As Sweden’s national team head coach, he once started a game with five former forwards.
“We won the game, because the guys were skilled enough to play a little different hockey,” Nilsson said in 2004.
He’s always believed in controlling the game, holding on to the puck, instead of a dump-and-chase style of game. Describing his torpedo hockey, he said:
“If we have the puck, how can the other team play a transition game? Sure, we may have to dump the puck to the corner from the blueline, but even then, we’re deep in their zone,” he said.
This time, Nilsson, also known as “Hard Hardy”, 62, who’s taken his teams to championships and finals in Germany, Austria, and Sweden, almost every year, had a new idea, based on the same principle.
His team, Djurgården, would play “long attacks”, they would get the puck to the offensive zone, and keep it there, they cycle the puck and they wear the opponents down. The players repeated the long attack mantra already in August when they won the Nordic Trophy final - which should have alerted the experts - and have been going strong ever since.
Nilsson has also had 14 forwards in the lineup, playing with three defensive pairings and five lines, to make sure his team has the energy to put the pressure on the opponent’s defencemen.
However, Nilsson is also the first to give credit to the players on the ice. Like goaltender Gustaf Wesslau, who leads the playoff goaltending stats with his 1.56 goals against average and 93.60 save percentage, or Marcus Nilson, the team’s leading scorer this season. Nilson scored 24 goals and 51 points in games, sixth in the league, and has four points in the five playoff games the team has played. That, too, leads the team.
“He really gets everybody to buy into what he’s saying,” defenceman Timmy Pettersson told Swedish Expressen.

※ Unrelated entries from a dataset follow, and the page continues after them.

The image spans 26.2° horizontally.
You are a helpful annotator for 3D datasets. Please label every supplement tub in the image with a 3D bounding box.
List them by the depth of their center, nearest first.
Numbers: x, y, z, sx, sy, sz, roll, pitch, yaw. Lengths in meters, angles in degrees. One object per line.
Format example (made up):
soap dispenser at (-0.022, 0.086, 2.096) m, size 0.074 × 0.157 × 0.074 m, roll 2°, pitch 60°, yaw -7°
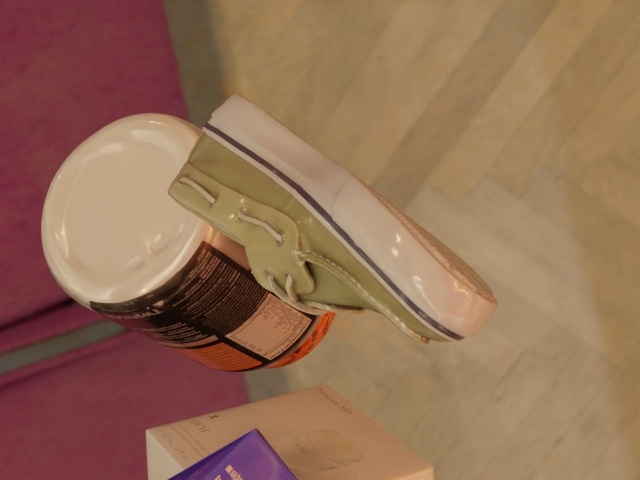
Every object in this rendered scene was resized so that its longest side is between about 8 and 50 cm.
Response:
supplement tub at (-0.112, 0.017, 1.348) m, size 0.194 × 0.316 × 0.193 m, roll -8°, pitch 69°, yaw 21°

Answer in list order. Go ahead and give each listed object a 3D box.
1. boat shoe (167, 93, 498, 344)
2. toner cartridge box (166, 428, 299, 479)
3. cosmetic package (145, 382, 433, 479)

“A lot of coaches talk a lot, and tell players to do things, but Hardy has a knack for pointing to things that really make you believe him. And he makes it all seem smart,” he adds.
Assistant coach Mikael Johansson is a Djurgården legend, and his sweater hangs from the rafters of Hovet. He also played on the 2000 and 2001 championship teams, with Hardy as his coach.
“He’s really straightforward about what he wants, and he gets everybody on the same page,” he says.
And that’s why, on April 7, Djurgården will play its fourth semi-final game in Globen in front of almost 14,000 fans, all dressed in red.
Because winning is the sweet thing that it makes the medicine go down.
- The regular season's four best teams all advanced to the semifinal. Djurgården (2) will play against Linköping (3), while HV71, the regular season winner, will take on Skellefteå AIK, the fourth-seeded team.
- Linköping’s Tony Mårtensson leads the playoff scoring race with nine points in seven games. His teammate, defenceman Magnus Johansson, is tied with Skellefteå’s Johan Forsberg for lead in post-season goal scoring, with six in seven game.
- In the relegation series, this season’s Elitserien teams Södertälje and Rögle hold on to the two Elitserien spots for next season as well after five games, the halfway point of the round-robin series. Södertälje is undefeated in five games, Rögle has ten points, a three-point lead over AIK Stockholm in the third place.
- Brynäs goaltender Jacob Markström, the Rookie of the Year, and the Goalie of the Year in the Elitserien, continues his season with Brynäs’s major junior team that is chasing the Swedish championship.
- Team Sweden head coach Bengt-Åke Gustafsson kicked off his first World Championship training camp this week. Among the players invited to the camp were Johan Harju and Linus Omark from the KHL’s Dynamo Moscow, Jonas Andersson from Dynamo Minsk and Michael Nylander from Jokerit Helsinki.